Lard Friese, Delfin Rueda and Jan-Hendrik Erasmus will host an analyst and investor conference call at 3.30 pm CET on Friday 7 June 2019. Members of the investment community can join the conference call at +31 20 531 5865 (NL), +44 203 365 3210 (UK), +1 866 349 6093 (US) or follow the webcast on www.nn-group.com.
- Investor Presentation
- You can follow the press conference that starts at 09:30 CET via this link
You can follow the analyst call that starts at 15:30 CET via this link
NN Group is an international financial services company, active in 18 countries, with a strong presence in a number of European countries and Japan. With all its employees, the Group provides retirement services, pensions, insurance, investments and banking to approximately 17 million customers. NN Group includes Nationale-Nederlanden, NN, NN Investment Partners, ABN AMRO Insurance, Movir, AZL, BeFrank and OHRA. NN Group is listed on Euronext Amsterdam (NN).
Elements of this press release contain or may contain information about NN Group N.V. within the meaning of Article 7(1) to (4) of EU Regulation No 596/ 2014 (Market Abuse Regulation).
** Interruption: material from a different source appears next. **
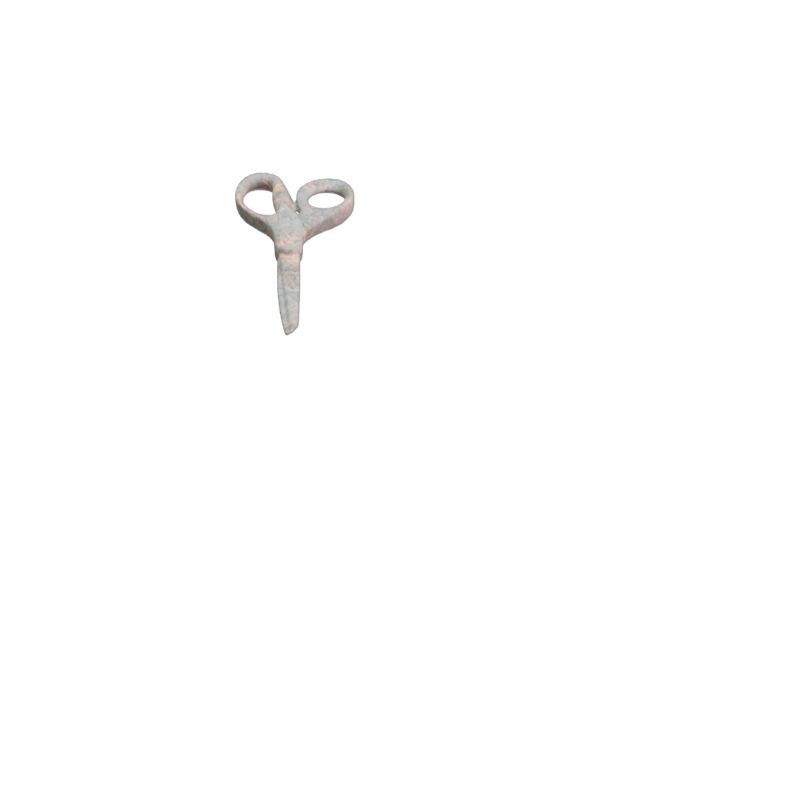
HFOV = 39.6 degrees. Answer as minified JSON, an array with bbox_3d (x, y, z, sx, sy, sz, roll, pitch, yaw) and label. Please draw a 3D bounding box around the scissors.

All figures in this document are unaudited. Small differences are possible in the tables due to rounding. Certain of the statements contained herein are not historical facts, including, without limitation, certain statements made of future expectations and other forward-looking statements that are based on management’s current views and assumptions and involve known and unknown risks and uncertainties that could cause actual results, performance or events to differ materially from those expressed or implied in such statements. Actual results, performance or events may differ materially from those in such statements due to, without limitation: (1) changes in general economic conditions, in particular economic conditions in NN Group’s core markets, (2) changes in performance of financial markets, including developing markets, (3) consequences of a potential (partial) break-up of the euro or European Union countries leaving the European Union, (4) changes in the availability of, and costs associated with, sources of liquidity as well as conditions in the credit markets generally, (5) the frequency and severity of insured loss events, (6) changes affecting mortality and morbidity levels and trends, (7) changes affecting persistency levels, (8) changes affecting interest rate levels, (9) changes affecting currency exchange rates, (10) changes in investor, customer and policyholder behaviour, (11) changes in general competitive factors, (12) changes in laws and regulations and the interpretation and application thereof, (13) changes in the policies and actions of governments and/or regulatory authorities, (14) conclusions with regard to accounting assumptions and methodologies, (15) changes in ownership that could affect the future availability to NN Group of net operating loss, net capital and built-in loss carry forwards, (16) changes in credit and financial strength ratings, (17) NN Group’s ability to achieve projected operational synergies, (18) catastrophes and terrorist-related events, (19) adverse developments in legal and other proceedings and (20) the other risks and uncertainties contained in recent public disclosures made by NN Group.